A total of 31,335 patients met the researchers’ eligibility criteria, with 25,378 having the complete data required for propensity score matching. Of those, 6,428 patients were sorted into both propensity-matched cohorts of dose escalators and nonescalators.
According to the researchers, there were 2,867 deaths among both matched cohorts, meaning there were 40.4 deaths per 1,000 person-years. Dose escalators demonstrated a small increase in all-cause mortality (HR = 1.08; 95% CI, 1.01-1.17), with similar effect sizes for CV (HR = 1.08; 95% CI, 0.97-1.21) and cancer mortality (HR = 1.06; 95% CI, 0.88-1.27). In the escalator cohort, dose escalation to achieve a serum urate goal of less than 6 mg/dL was limited, with just 10% receiving daily allopurinol doses of more than 300 mg.

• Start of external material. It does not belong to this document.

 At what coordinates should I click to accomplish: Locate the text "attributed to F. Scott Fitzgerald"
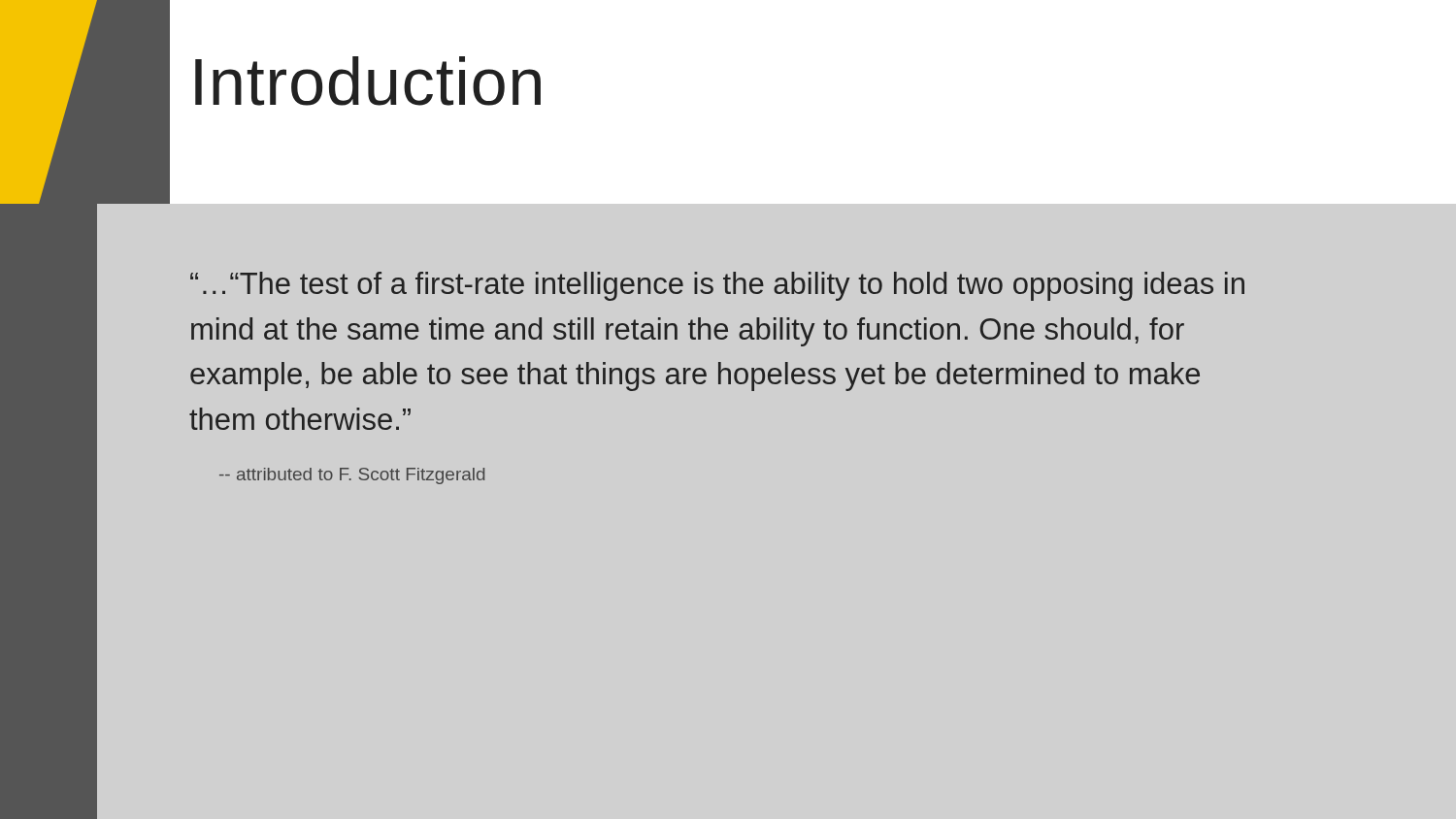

Just 31% achieved the serum urate goal after 2 years.
Focusing only on escalators who achieved the serum urate goal, the researchers found a 7% reduction in cardiovascular mortality (HR = 0.93; 95% CI, 0.76-1.14), although this was not statistically significant.
“Based on our results, it’s clear that allopurinol dose escalation, at least as it is currently used in real life practice, does not yield benefit in terms of mortality reductions,” Mikuls said. “This last point is important, because clearly aggressive dose escalation was rarely observed in this study.”

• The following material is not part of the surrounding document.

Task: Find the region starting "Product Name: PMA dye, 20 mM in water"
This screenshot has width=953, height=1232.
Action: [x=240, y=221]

Mikuls noted that, even among patients who received escalated doses, just 10% ever achieved daily doses of more than 300 mg, despite allopurinol being approved for daily doses of up to 800 mg.
“Interesting, there was a trend toward a reduction in CV deaths among the approximate one-third of escalators achieving serum urate goal, suggesting that perhaps a benefit could be seen if more aggressive treat-to-target strategy was more widely adopted,” he said. “Whether gout treatment that better aligns with best practice (particularly one that systematically incorporates dose escalation as part of broader treat-to-target strategy) is still an unknown.” – by Jason Laday
Disclosure: The researchers report funding from the Rheumatology Research Foundation, the University of Nebraska Medical Center and the Nebraska Arthritis Outcomes Research Center.